After the test in the previous section, and took a picture containing only one face for detection, it can be found that resnet50 for the detection of a single picture and the picture contains only a single face takes longer, if the project focuses on real-time then mb0.25 is a better choice, but for the face dense and small-scale scenario is more strenuous. If the skeleton is replaced by another backbone, is it possible to balance real-time and accuracy? The backbone replacement here temporarily uses ghostnet and mobilev3 network (mainly also want to test whether the effect of these two networks can be as outstanding as the paper).

We specify the relevant reference in the parent class of the retinaface.py file,and specify the network layer ID to be called in IntermediateLayerGetter(backbone, cfg['return_layers']), which is specified in the config.py file as follows.

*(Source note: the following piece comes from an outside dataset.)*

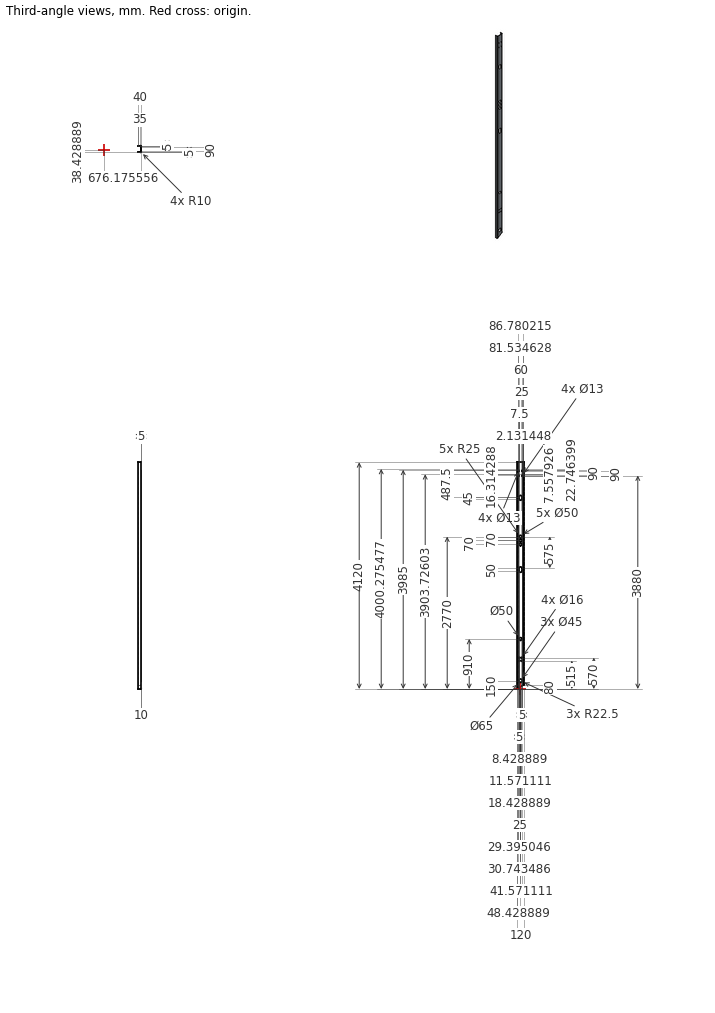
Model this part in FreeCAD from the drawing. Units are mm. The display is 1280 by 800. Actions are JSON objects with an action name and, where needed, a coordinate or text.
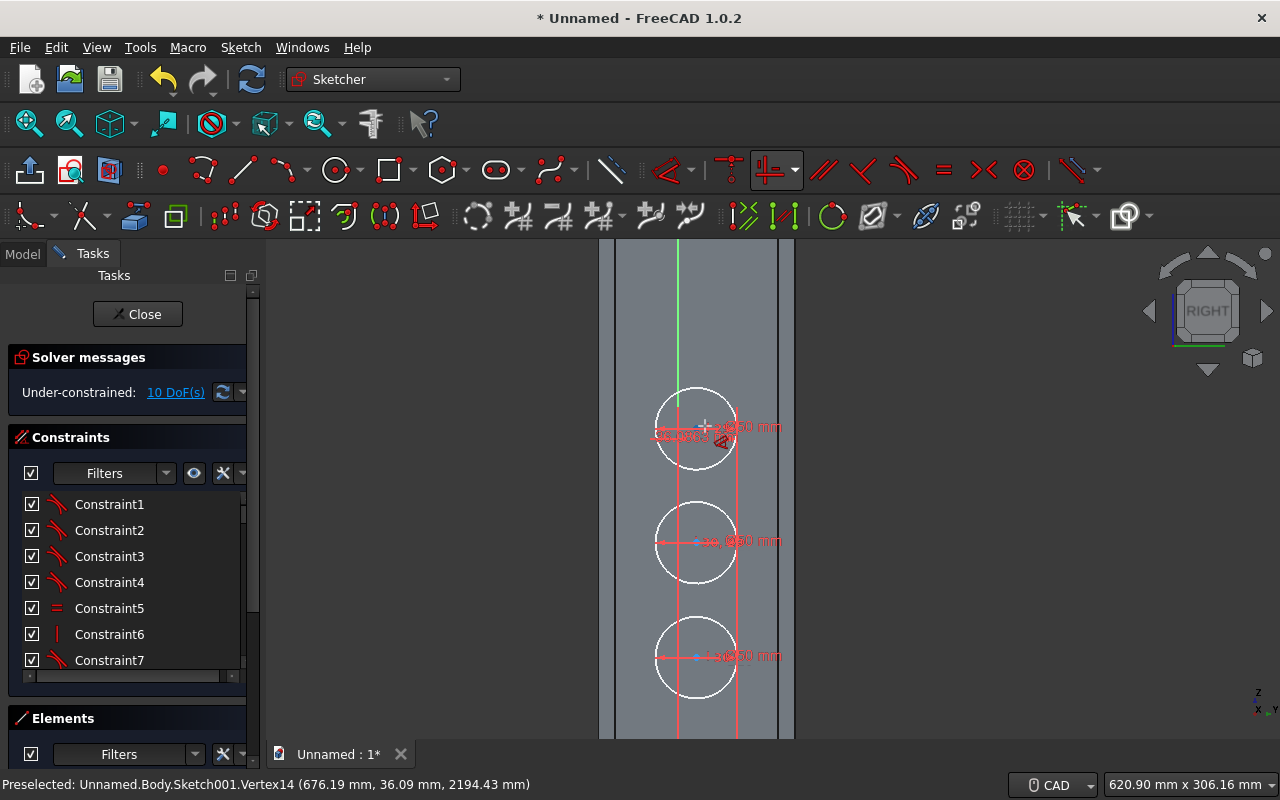
{"action": "left_click", "coordinate": [696, 429]}
{"action": "left_click", "coordinate": [716, 371]}
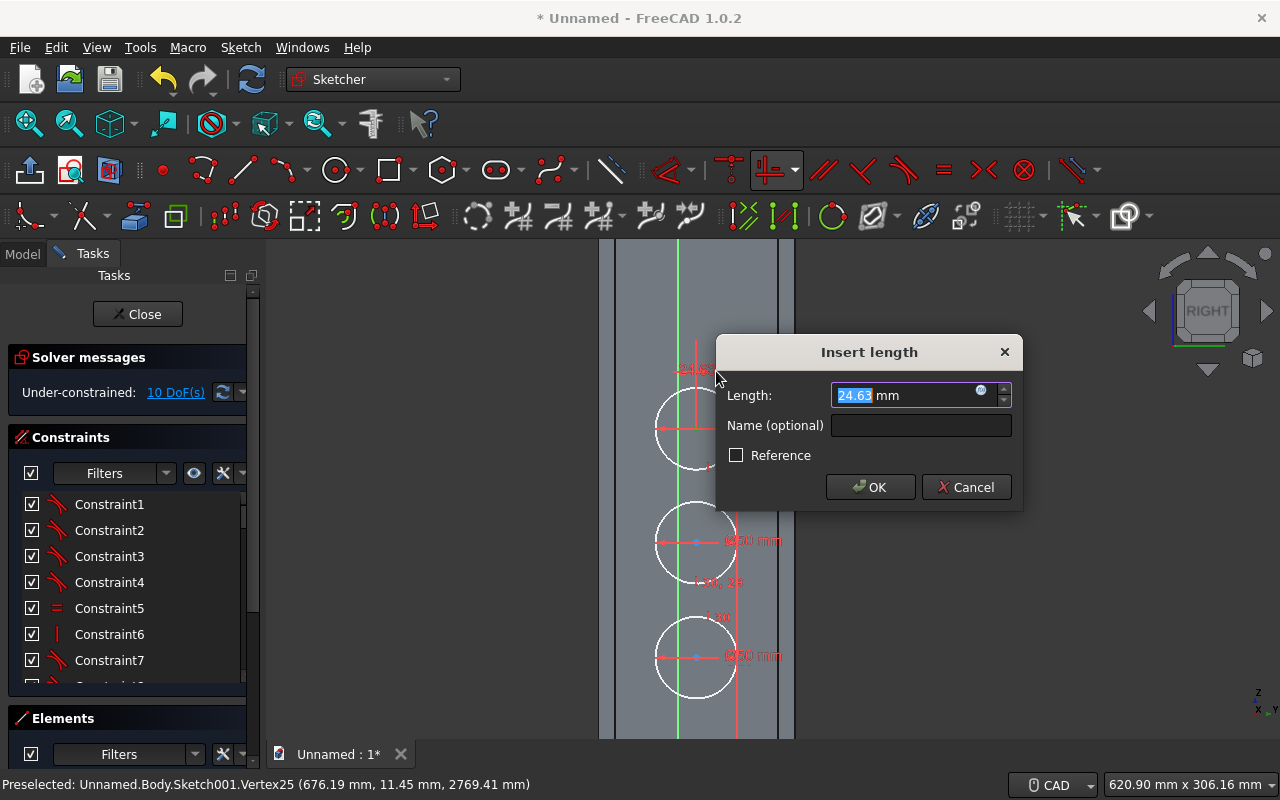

def __init__(self, cfg=None, phase='train'):
    """
    :param cfg:  Network related settings.
    :param phase: train or test.
    """
    super(RetinaFace, self).__init__()
    self.phase = phase
    backbone = None
    if cfg['name'] == 'mobilenet0.25':
        backbone = MobileNetV1()
        if cfg['pretrain']:
            checkpoint = torch.load("./weights/mobilenetV1X0.25_pretrain.tar", map_location=torch.device('cpu'))
            from collections import OrderedDict
            new_state_dict = OrderedDict()
            for k, v in checkpoint['state_dict'].items():
                name = k[7:]  # remove module.
                new_state_dict[name] = v
            # load params
            backbone.load_state_dict(new_state_dict)
    elif cfg['name'] == 'Resnet50':
        import torchvision.models as models
        backbone = models.resnet50(pretrained=cfg['pretrain'])
    elif cfg['name'] == 'ghostnet':
        backbone = ghostnet()
    elif cfg['name'] == 'mobilev3':
        backbone = MobileNetV3()

    self.body = _utils.IntermediateLayerGetter(backbone, cfg['return_layers'])

We specify the number of network channels of the FPN and fix the in_channels of each layer for the three-layer FPN structure formulated in the model.

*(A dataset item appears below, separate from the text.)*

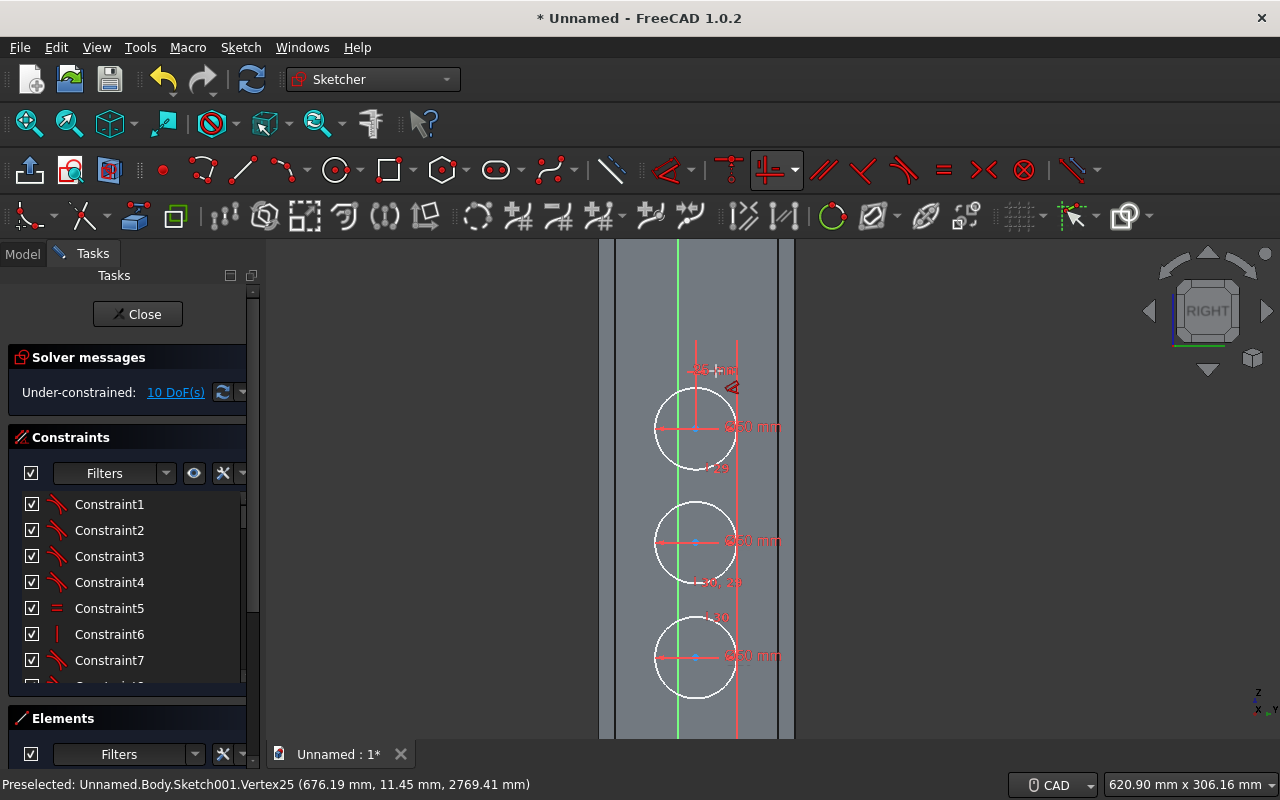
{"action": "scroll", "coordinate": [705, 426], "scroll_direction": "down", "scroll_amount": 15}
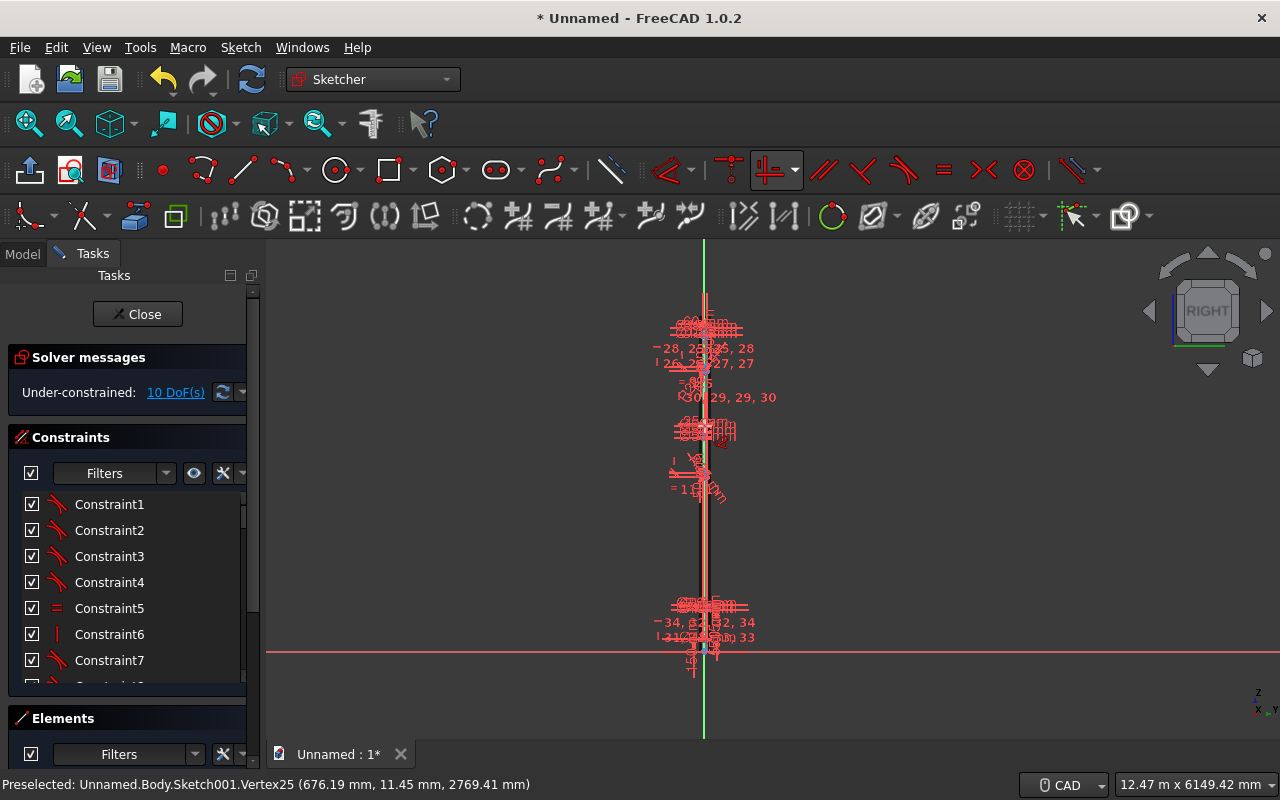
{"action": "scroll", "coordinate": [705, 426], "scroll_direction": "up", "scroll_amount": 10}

in_channels_stage2 = cfg['in_channel']
        in_channels_list = [
            in_channels_stage2 * 2,
            in_channels_stage2 * 4,
            in_channels_stage2 * 8,
        ]
        out_channels = cfg['out_channel']
        # self.FPN = FPN(in_channels_list, out_channels)
        self.FPN = FPN(in_channels_list, out_channels)

We insert the ghontnet network in models/ghostnet.py, and the network structure comes from the Noah's Ark Labs open source addresshttps://github.com/huawei-noah/ghostnet

Lightweight network classification effect comparison:

stream

Because of the inclusion of the residual convolution separation module and the SE module, the source code is relatively long, and the source code of the modified network is as followsmodels/ghostnet.py

We insert the MobileNetv3 network in models/mobilev3.py. The network structure comes from the pytorch version reproduced by github users, so it's really plug-and-playhttps://github.com/kuan-wang/pytorch-mobilenet-v3

The modified source code is as follows.models/mobilenetv3.py

3.2 Model Training

Execute the command: python train.py --network ghostnet to start training

stream

Counting the duration of training a single epoch per network.

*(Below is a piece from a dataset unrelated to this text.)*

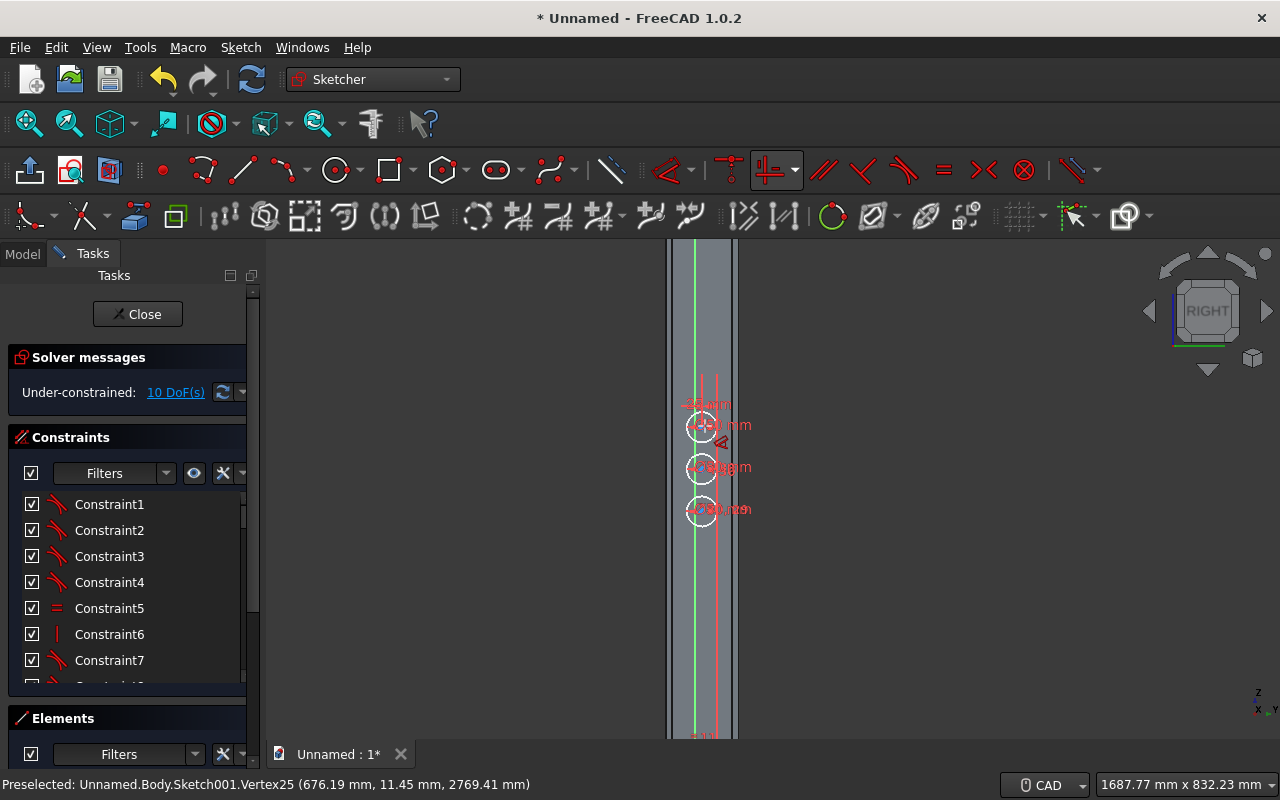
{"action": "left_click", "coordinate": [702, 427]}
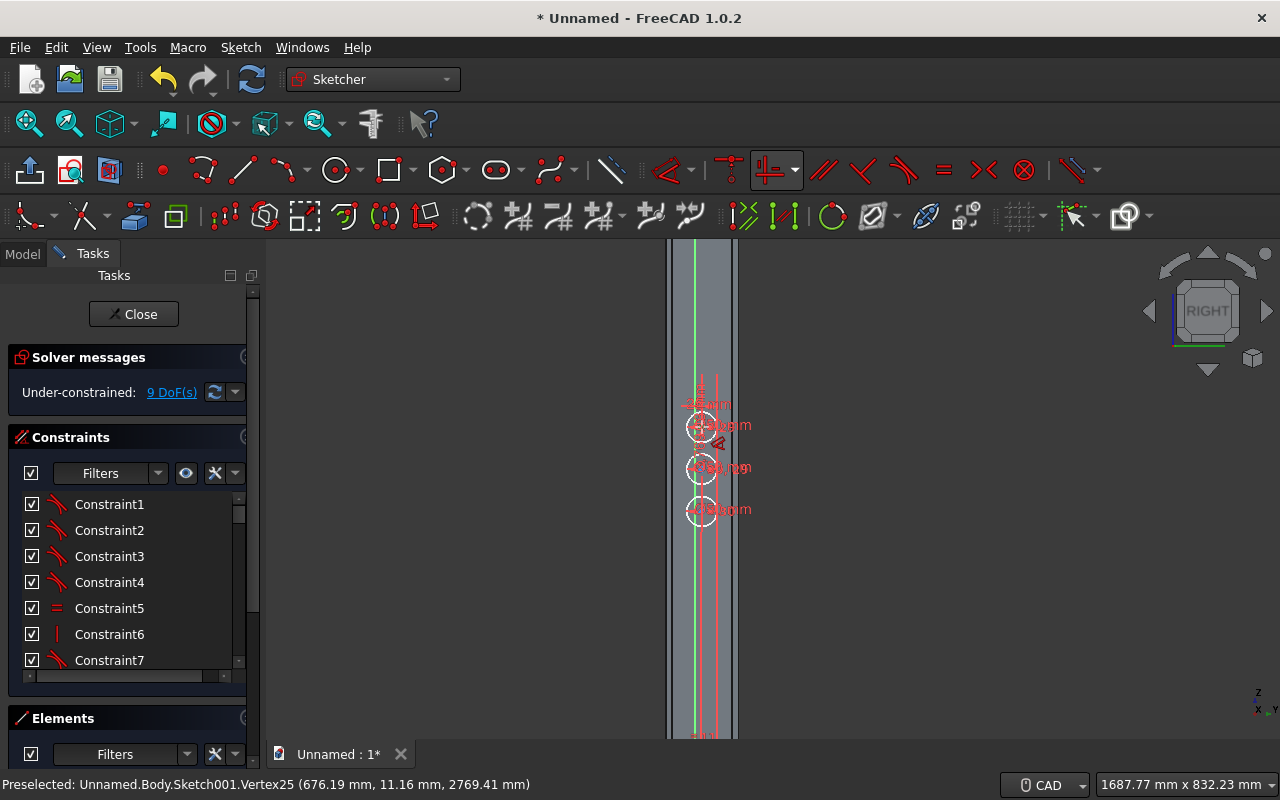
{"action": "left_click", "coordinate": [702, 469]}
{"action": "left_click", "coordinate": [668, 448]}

  • resnet50>>mobilenetv3>ghostnet-m>ghostnet-s>mobilenet0.25

3.3 Model Testing and Evaluation

Test GhostNet(se-ratio=0.25):

As you can see, a batch test is about 56ms

Evaluation GhostNet(se-ratio=0.25): 在这里插入图片描述

It can be seen that ghostnet is relatively poor at recognizing small sample data and face occlusion.

Test MobileNetV3(se-ratio=1):

在这里插入图片描述

可以看出,一份batch的测试大概在120ms左右

Evaluation MobileNetV3(se-ratio=1): 在这里插入图片描述

The evaluation here outperforms ghostnet on all three subsets (the comparison here is actually a bit unscientific, because the full se_ratio of mbv3 is used to benchmark ghostnet's se_ratio by 1/4, but the full se_ratio of ghostnet will cause the model memory to skyrocket (at se-ratio=0) weights=6M, se-ratio=0.25 when weights=12M, se-ratio=1 when weights=30M, and the accuracy barely exceeds that of MobileNetV3 with se-ratio=1, I personally feel that the cost performance is too low)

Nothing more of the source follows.